## [How to complete this task]
Copy out all the entries below, word for word.
╔══
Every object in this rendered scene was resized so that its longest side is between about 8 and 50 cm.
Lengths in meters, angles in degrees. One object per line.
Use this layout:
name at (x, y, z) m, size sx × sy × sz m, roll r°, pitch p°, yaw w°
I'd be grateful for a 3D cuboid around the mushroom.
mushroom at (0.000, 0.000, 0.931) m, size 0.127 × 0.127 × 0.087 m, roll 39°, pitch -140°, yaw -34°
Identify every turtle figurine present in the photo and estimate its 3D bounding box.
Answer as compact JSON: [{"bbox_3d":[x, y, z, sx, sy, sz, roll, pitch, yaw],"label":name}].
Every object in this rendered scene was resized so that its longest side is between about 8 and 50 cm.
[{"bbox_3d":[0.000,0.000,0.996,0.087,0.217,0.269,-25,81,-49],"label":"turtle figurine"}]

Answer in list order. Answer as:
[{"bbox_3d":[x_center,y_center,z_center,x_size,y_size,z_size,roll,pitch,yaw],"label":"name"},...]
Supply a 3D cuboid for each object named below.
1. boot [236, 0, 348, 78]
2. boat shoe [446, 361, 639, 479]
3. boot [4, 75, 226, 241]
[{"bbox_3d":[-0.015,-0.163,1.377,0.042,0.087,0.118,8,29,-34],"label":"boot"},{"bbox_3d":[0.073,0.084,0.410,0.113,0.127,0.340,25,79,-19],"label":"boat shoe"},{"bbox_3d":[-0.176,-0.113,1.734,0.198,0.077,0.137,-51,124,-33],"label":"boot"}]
╚══
## [Solution]
Every object in this rendered scene was resized so that its longest side is between about 8 and 50 cm.
Lengths in meters, angles in degrees. One object per line.
Use this layout:
name at (x, y, z) m, size sx × sy × sz m, roll r°, pitch p°, yaw w°
I'd be grateful for a 3D cuboid around the mushroom.
mushroom at (0.000, 0.000, 0.931) m, size 0.127 × 0.127 × 0.087 m, roll 39°, pitch -140°, yaw -34°
Identify every turtle figurine present in the photo and estimate its 3D bounding box.
Answer as compact JSON: [{"bbox_3d":[x, y, z, sx, sy, sz, roll, pitch, yaw],"label":name}].
Every object in this rendered scene was resized so that its longest side is between about 8 and 50 cm.
[{"bbox_3d":[0.000,0.000,0.996,0.087,0.217,0.269,-25,81,-49],"label":"turtle figurine"}]

Answer in list order. Answer as:
[{"bbox_3d":[x_center,y_center,z_center,x_size,y_size,z_size,roll,pitch,yaw],"label":"name"},...]
Supply a 3D cuboid for each object named below.
1. boot [236, 0, 348, 78]
2. boat shoe [446, 361, 639, 479]
3. boot [4, 75, 226, 241]
[{"bbox_3d":[-0.015,-0.163,1.377,0.042,0.087,0.118,8,29,-34],"label":"boot"},{"bbox_3d":[0.073,0.084,0.410,0.113,0.127,0.340,25,79,-19],"label":"boat shoe"},{"bbox_3d":[-0.176,-0.113,1.734,0.198,0.077,0.137,-51,124,-33],"label":"boot"}]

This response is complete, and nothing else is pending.